Я вспоминаю, говорил Адамович, что Айседора Дункан в своих воспоминаниях говорит то же о том впечатлении, которое на нее производила своим волшебным появлением Кшесинская на сцене. Волшебна она действительно была, и до такой степени, что всегда чувствовалось, как публику охватывало лихорадочное состояние в ожидании ее появления на сцене, и лихорадка проходила, только когда опускался занавес. Балет «Эсмеральда», в котором блистала Цукки, кажется, был любимым балетом Кшесинской, и, по свидетельству одного советского критика из наиболее знающих, ни одна из многочисленных артисток, которые выступали в этой труднейшей роли, не могла заставить ее забыть.

В этот сезон, когда я часто танцевала «Дочь фараона», мне очень нравился гусар Николай Николаевич Скалон, очень милый и симпатичный малый, которого все просто звали Баба Скалон. У него была связь с графиней X., о которой все в городе знали. Я пустила в ход все свое кокетство, чтобы заставить Скалона увлечься мною, и этого достигла. У гусар была, как у многих гвардейских полков, своя абонементная ложа на балет, и Скалон стал бывать на всех моих представлениях. Он приезжал в театр до начала представления, чтобы не пропустить момента моего выхода на сцену. Он часто стал бывать у меня на даче в Стрельне, и все его очень полюбили. Когда я ездила летом на Сиверскую, к родителям в их имение Красницы, и мне приходилось тратить часа два на дорогу туда, Скалон провожал меня до Сиверской, а потом снова приезжал на станцию за мною, чтобы проводить обратно в город. Он был веселый, милый, и все его любили. Никто не предвидел, что ему суждено было погибнуть от таившейся в нем уже тогда болезни. Он умер сравнительно молодым от прогрессивного паралича и последнее время лежал в клинике, где и скончался. Я была на его похоронах и положила маленький букетик фиалок на его гроб. Потом я получила от его брата трогательное письмо с выражением благодарности за это. На память о нем у меня остался его подарок, прелестные маленькие часы для ношения в петлице: снаружи был виден только миниатюрный циферблат, окруженный бриллиантами, а механизм был спрятан позади.

После «Дочери фараона» я получила балет «Эсмеральда», о котором так давно мечтала. Теперь я могла смело взяться за него, я не только любила, но и страдала. Тут я вспомнила, как М. И. Петипа, когда я была еще очень молода и просила у него этот балет, ответил мне, что я тогда только смогу сыграть роль Эсмеральды, когда узнаю не только любовь, но и ее страдания.

Я изучала роль Эсмеральды еще с тех пор, как Вирджиния Цукки танцевала ее на сцене Мариинского театра и имела такой успех, я запомнила все ее жесты, мимику и позы.
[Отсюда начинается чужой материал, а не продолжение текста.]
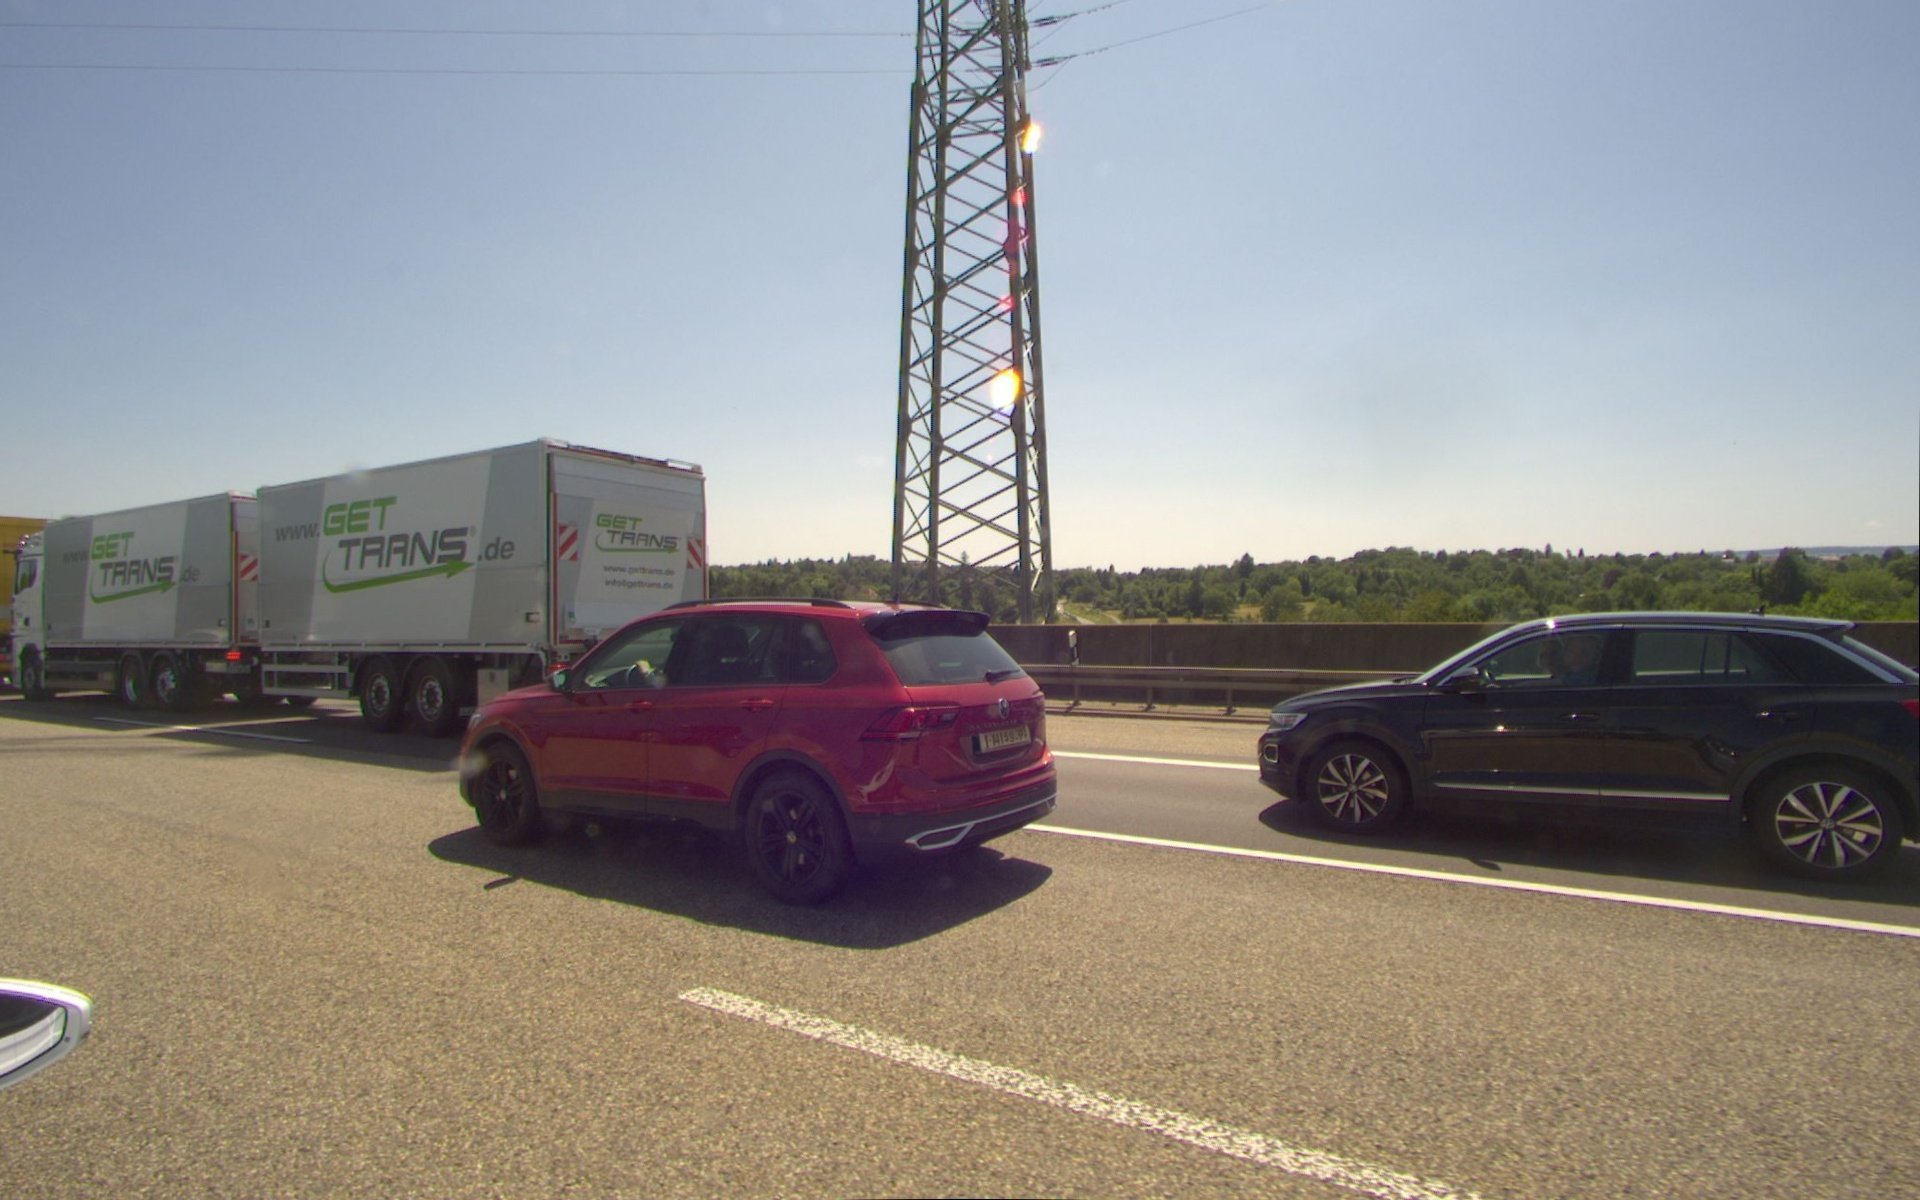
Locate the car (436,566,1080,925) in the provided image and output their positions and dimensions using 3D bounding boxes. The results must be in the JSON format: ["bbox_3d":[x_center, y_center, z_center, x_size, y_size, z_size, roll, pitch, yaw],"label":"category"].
[{"bbox_3d":[-1.481,0.773,6.639,4.226,1.700,1.705,-2,-3,34],"label":"car"}]

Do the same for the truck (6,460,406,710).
[{"bbox_3d":[-15.346,-0.061,19.968,10.459,3.984,2.847,-2,-2,32],"label":"truck"}]

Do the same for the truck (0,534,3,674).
[{"bbox_3d":[-33.184,0.203,31.037,9.797,4.139,2.695,-2,-2,32],"label":"truck"}]

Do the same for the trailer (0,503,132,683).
[{"bbox_3d":[-25.209,-0.019,26.208,8.850,4.139,2.679,-2,-2,31],"label":"trailer"}]

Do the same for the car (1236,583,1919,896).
[{"bbox_3d":[4.188,0.814,6.976,4.060,1.675,1.705,-2,-2,32],"label":"car"}]

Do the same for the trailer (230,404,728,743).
[{"bbox_3d":[-7.447,-0.168,15.033,8.098,3.940,2.894,-2,-2,32],"label":"trailer"}]

В то время, когда танцевала Цукки, я была еще очень молода и многого не понимала. Воспоминания о Цукки, когда я получила этот балет, возбуждали мое воображение, я годами носила их в душе, я была вполне подготовлена, понимая на собственном опыте чувства бедной Эсмеральды. Во время репетиции ценные указания Петипа многое добавили для исполнения этой трудной роли.
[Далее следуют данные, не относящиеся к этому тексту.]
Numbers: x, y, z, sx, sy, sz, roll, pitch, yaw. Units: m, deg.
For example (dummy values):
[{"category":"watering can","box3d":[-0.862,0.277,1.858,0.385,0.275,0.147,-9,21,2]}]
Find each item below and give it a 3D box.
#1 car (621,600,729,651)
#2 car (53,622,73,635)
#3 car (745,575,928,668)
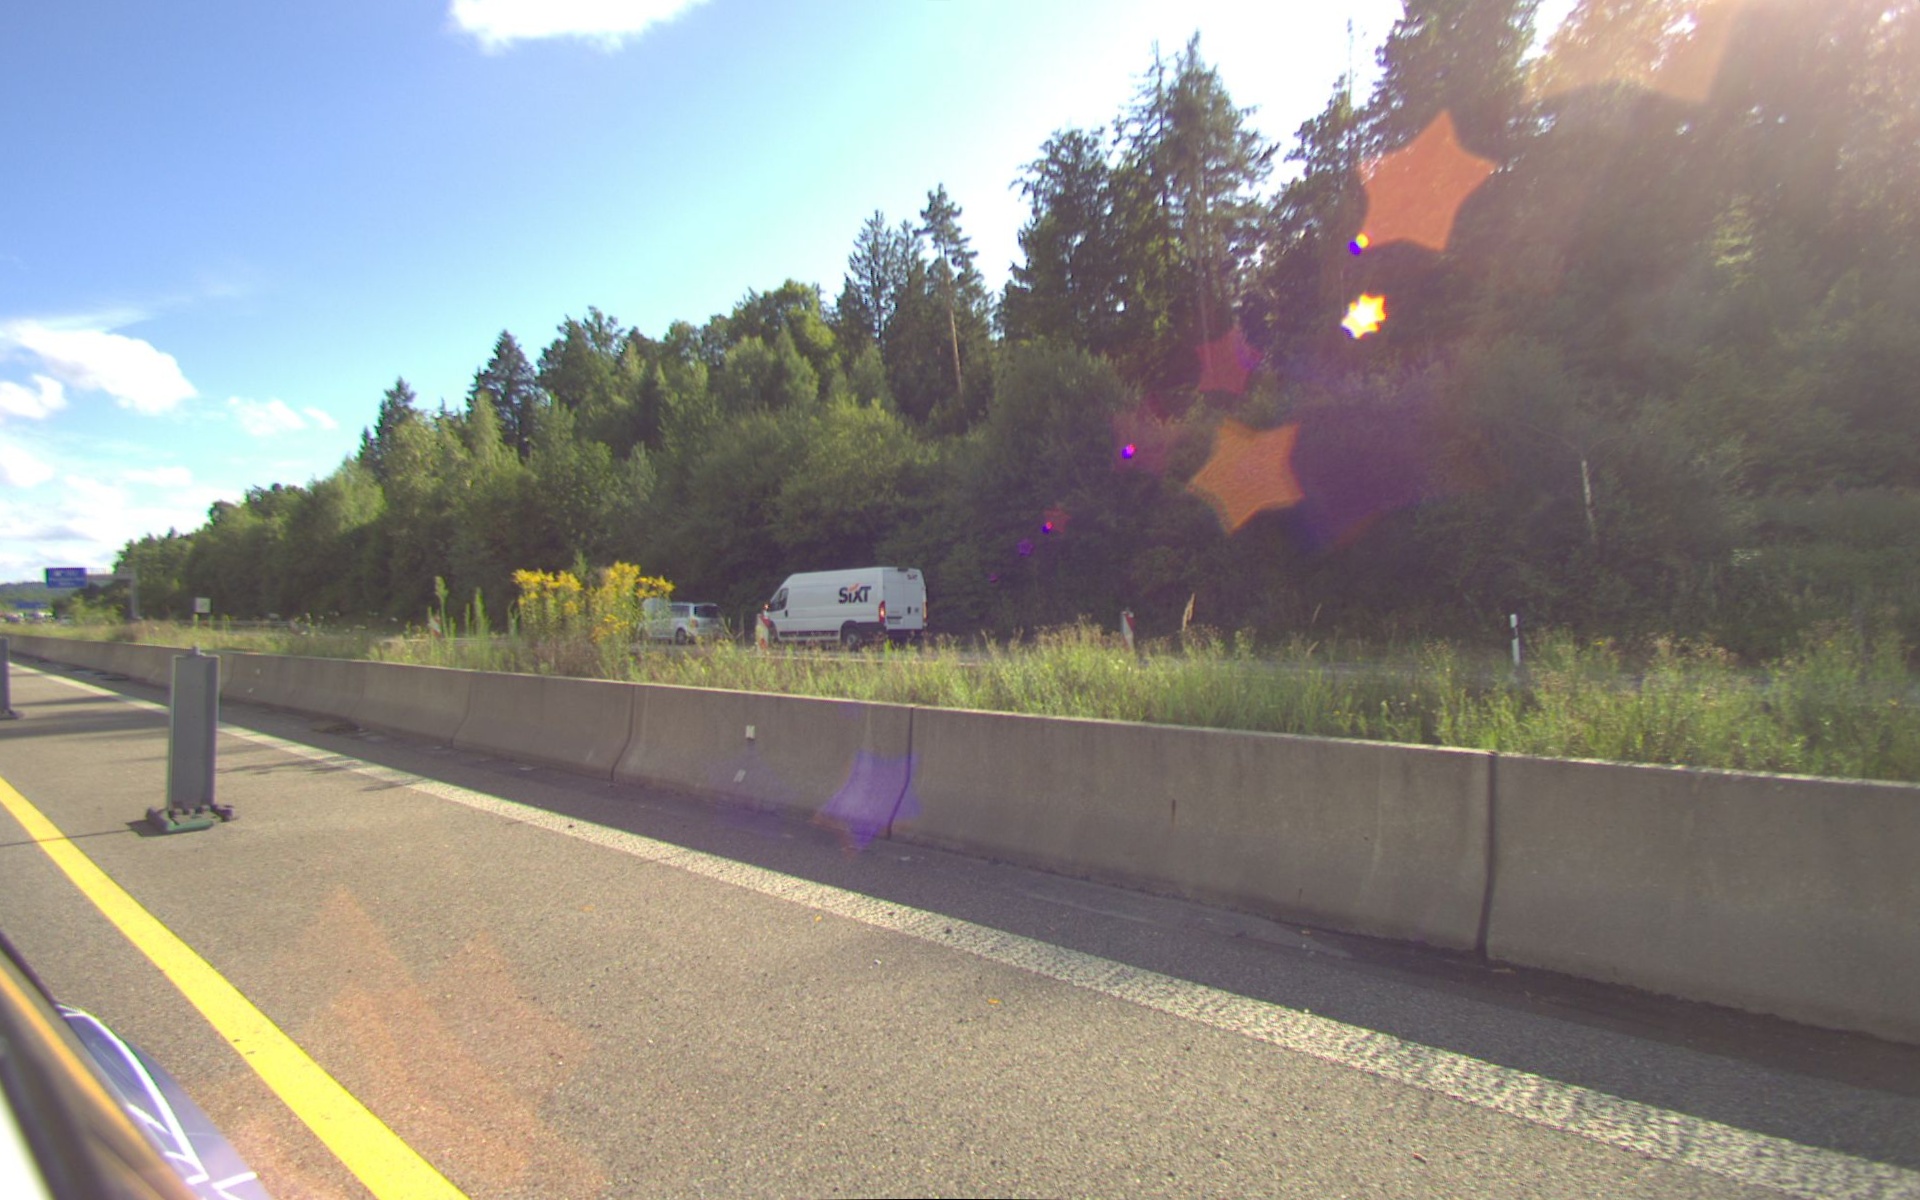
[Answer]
[{"category":"car","box3d":[-11.188,0.966,39.554,4.761,1.867,1.840,-1,0,42]},{"category":"car","box3d":[-134.910,4.261,152.147,4.364,1.799,1.759,-1,0,42]},{"category":"car","box3d":[-4.053,0.650,32.219,6.522,2.705,2.006,-1,0,43]}]

Первое представление «Эсмеральды» состоялось 21 ноября 1899 года. Я имела очень большой успех и сознавала, что справилась с этой трудной ролью и дала тот облик Эсмеральды, который представлялся мне в мечтах. Я была сама удовлетворена своим исполнением. Пока я была на сцене, никто, кроме меня, не исполнял этого балета.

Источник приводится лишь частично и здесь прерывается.